Hello, I was able to install JDK7 without any problems after uninstalling JRE6 update 14. Then all the webapplets worked fine (javatester, other websites etc), but my trading software gave a java virtual machine error saying "could not find Java runtime environment". So I thought perhaps this is because JRE has installed in C:/program files/jre 1.7.0 etc, so I uninstalled JDK7 and reinstalled again to C:/program files/jre6/. But still the trading software gave the same error. Then I went to the folder where it is installed and there was a file called "desktrade.jar". I right clicked, and there was an option "open with - java(tm) platform se binary". This I chose, and it executed perfectly. Well, this is good enough for me for now I guess, since everything including applets is working. I dont mind opening the software this way as long as it opens. If you want to check out the Java files in the software for academic interest, you can download it from http://power.indiabulls.com/download.html

Its all strange, but as long as it works....

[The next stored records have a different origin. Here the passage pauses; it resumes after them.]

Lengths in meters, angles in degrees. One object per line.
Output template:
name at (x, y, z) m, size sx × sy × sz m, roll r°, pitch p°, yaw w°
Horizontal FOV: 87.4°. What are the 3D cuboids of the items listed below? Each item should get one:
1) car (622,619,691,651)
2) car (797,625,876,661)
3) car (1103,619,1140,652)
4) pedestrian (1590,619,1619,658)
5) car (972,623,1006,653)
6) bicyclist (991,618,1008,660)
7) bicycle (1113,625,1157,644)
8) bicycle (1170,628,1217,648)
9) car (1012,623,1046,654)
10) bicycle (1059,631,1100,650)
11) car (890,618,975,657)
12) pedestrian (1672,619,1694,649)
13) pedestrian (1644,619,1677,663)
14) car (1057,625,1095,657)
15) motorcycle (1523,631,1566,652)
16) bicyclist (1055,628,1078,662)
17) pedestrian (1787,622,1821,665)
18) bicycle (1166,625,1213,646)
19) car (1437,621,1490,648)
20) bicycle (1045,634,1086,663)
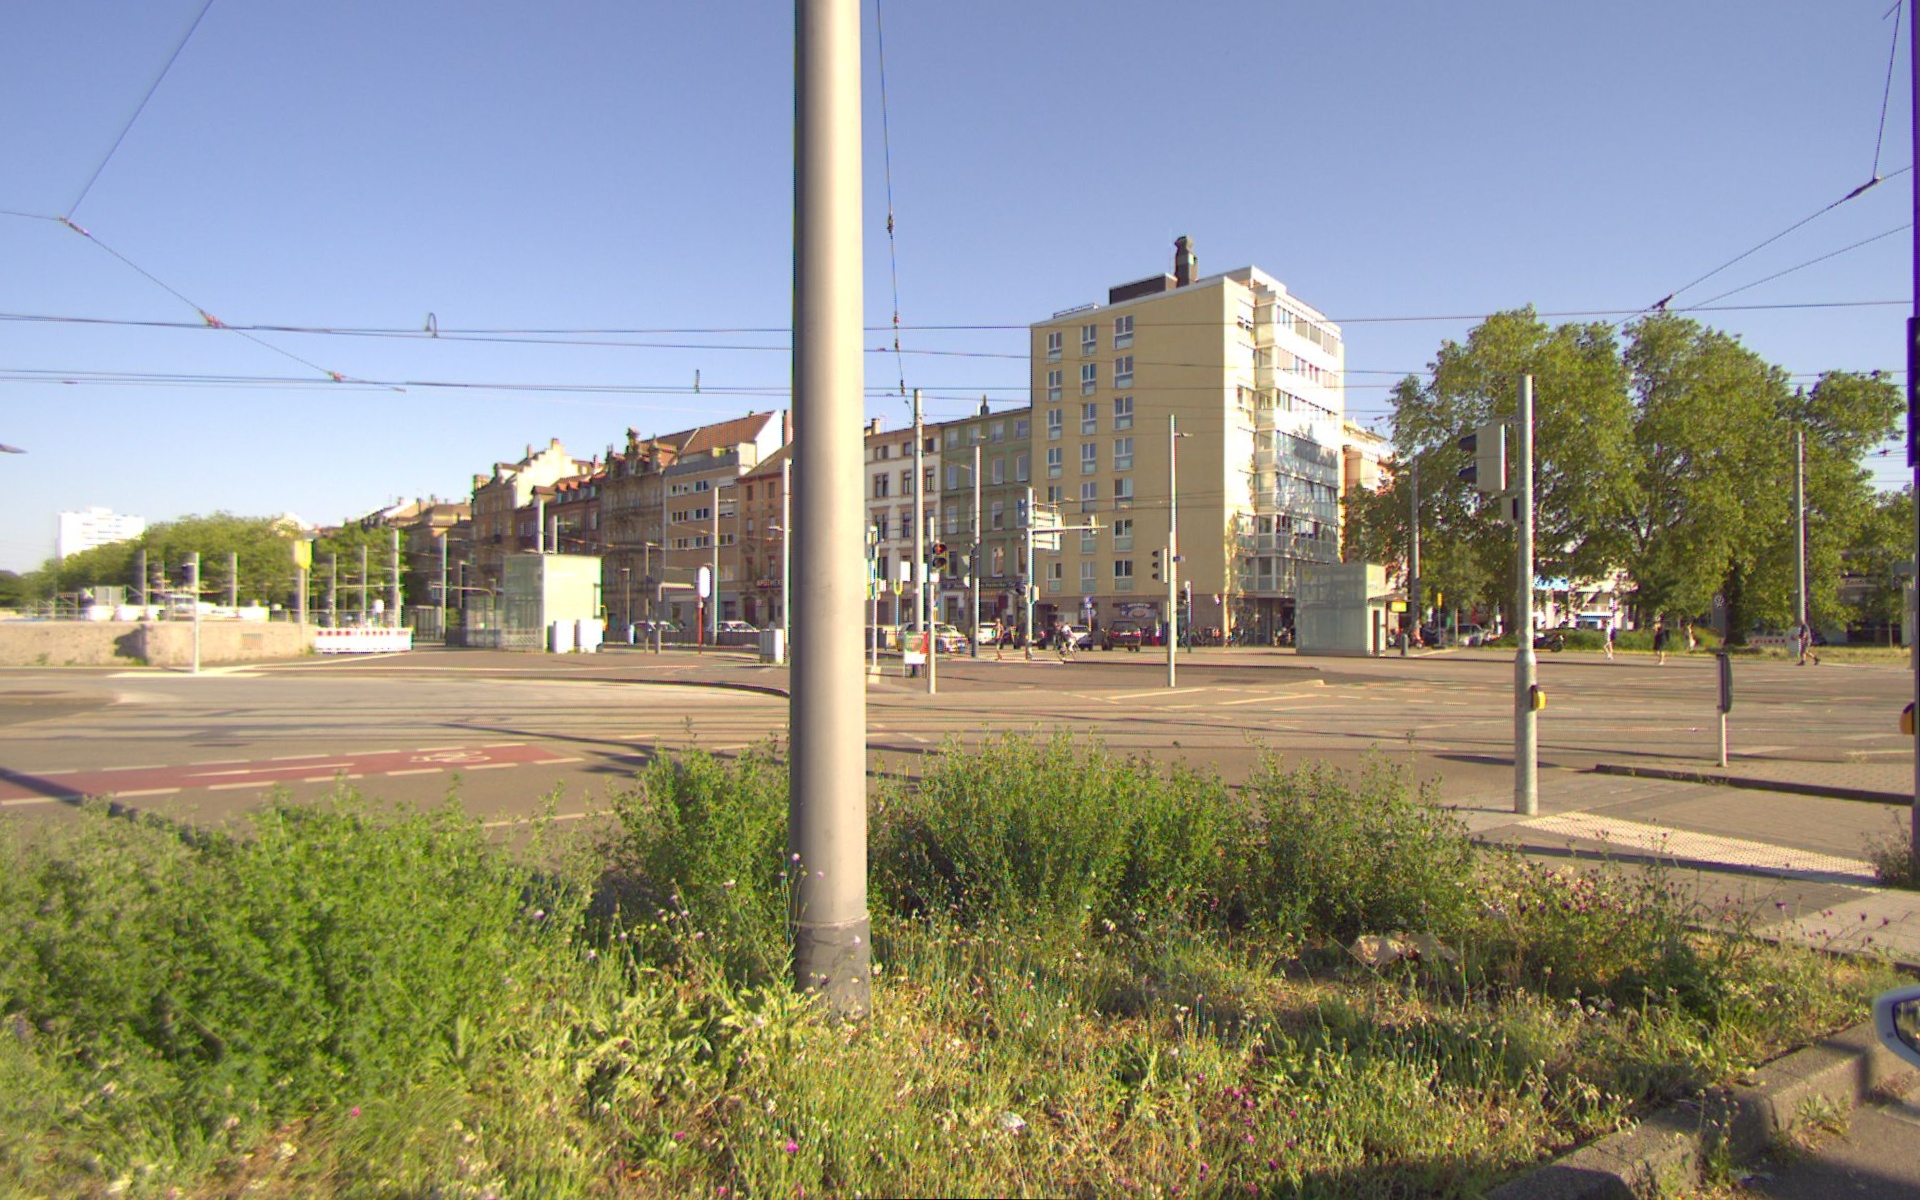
car at (-19.879, 2.285, 65.720) m, size 4.837 × 1.849 × 1.990 m, roll 2°, pitch 0°, yaw 41°
car at (-6.689, 2.259, 54.019) m, size 1.775 × 1.684 × 4.657 m, roll 2°, pitch 0°, yaw -44°
car at (9.177, 1.977, 57.420) m, size 1.684 × 1.728 × 4.001 m, roll 2°, pitch 0°, yaw 4°
pedestrian at (29.099, 1.749, 45.362) m, size 0.747 × 1.728 × 0.793 m, roll 2°, pitch 0°, yaw -22°
car at (1.860, 2.386, 63.917) m, size 1.960 × 1.728 × 4.001 m, roll 2°, pitch 0°, yaw 4°
bicyclist at (1.631, 1.624, 41.905) m, size 0.653 × 1.706 × 0.980 m, roll 2°, pitch 0°, yaw 2°
bicycle at (11.513, 2.258, 66.140) m, size 3.003 × 1.167 × 0.637 m, roll 1°, pitch 0°, yaw 44°
bicycle at (14.821, 2.390, 63.781) m, size 3.003 × 1.167 × 0.637 m, roll 1°, pitch 0°, yaw 44°
car at (4.210, 2.312, 61.476) m, size 1.960 × 1.728 × 4.001 m, roll 2°, pitch 0°, yaw 4°
bicycle at (8.177, 2.751, 69.055) m, size 3.003 × 1.167 × 0.637 m, roll 1°, pitch 0°, yaw 44°
car at (-1.378, 1.816, 49.094) m, size 3.940 × 1.684 × 1.778 m, roll 2°, pitch 0°, yaw 41°
pedestrian at (42.203, 1.985, 58.642) m, size 0.491 × 1.716 × 0.852 m, roll 2°, pitch 0°, yaw -32°
pedestrian at (28.261, 1.649, 40.541) m, size 0.747 × 1.728 × 0.793 m, roll 2°, pitch 0°, yaw -22°
car at (6.805, 2.379, 59.249) m, size 1.960 × 1.728 × 4.001 m, roll 2°, pitch 0°, yaw 4°
motorcycle at (29.144, 2.057, 50.112) m, size 1.753 × 0.926 × 0.676 m, roll 2°, pitch 0°, yaw 41°
bicyclist at (4.307, 1.817, 40.712) m, size 0.617 × 1.368 × 0.658 m, roll 2°, pitch 0°, yaw 44°
pedestrian at (34.606, 1.785, 41.202) m, size 0.747 × 1.728 × 0.793 m, roll 2°, pitch 0°, yaw -22°
bicycle at (14.430, 2.209, 63.228) m, size 3.003 × 1.167 × 0.637 m, roll 1°, pitch 0°, yaw 44°
car at (32.008, 2.203, 63.812) m, size 3.973 × 1.588 × 1.753 m, roll 2°, pitch 0°, yaw -44°
bicycle at (4.292, 1.957, 40.724) m, size 0.617 × 1.104 × 1.914 m, roll 2°, pitch 0°, yaw 44°

Thank you for taking the time to help me. Really appreciated!!!


----------



## abkTech (Jun 2, 2009)

Its just a problem of file association. Check this link. I hope it works for you now.

If you feel your problem is solved, you can mark the thread as solved using the "Mark Solved" button at the top of the first page of the thread in the upper left corner.


----------



## neelkanth (Jul 2, 2009)

Oh yes, thats what it was, now the software is opening even from the desktop shortcut. Brilliant. It's all definitely solved now. 
Thank you very much for your help.


----------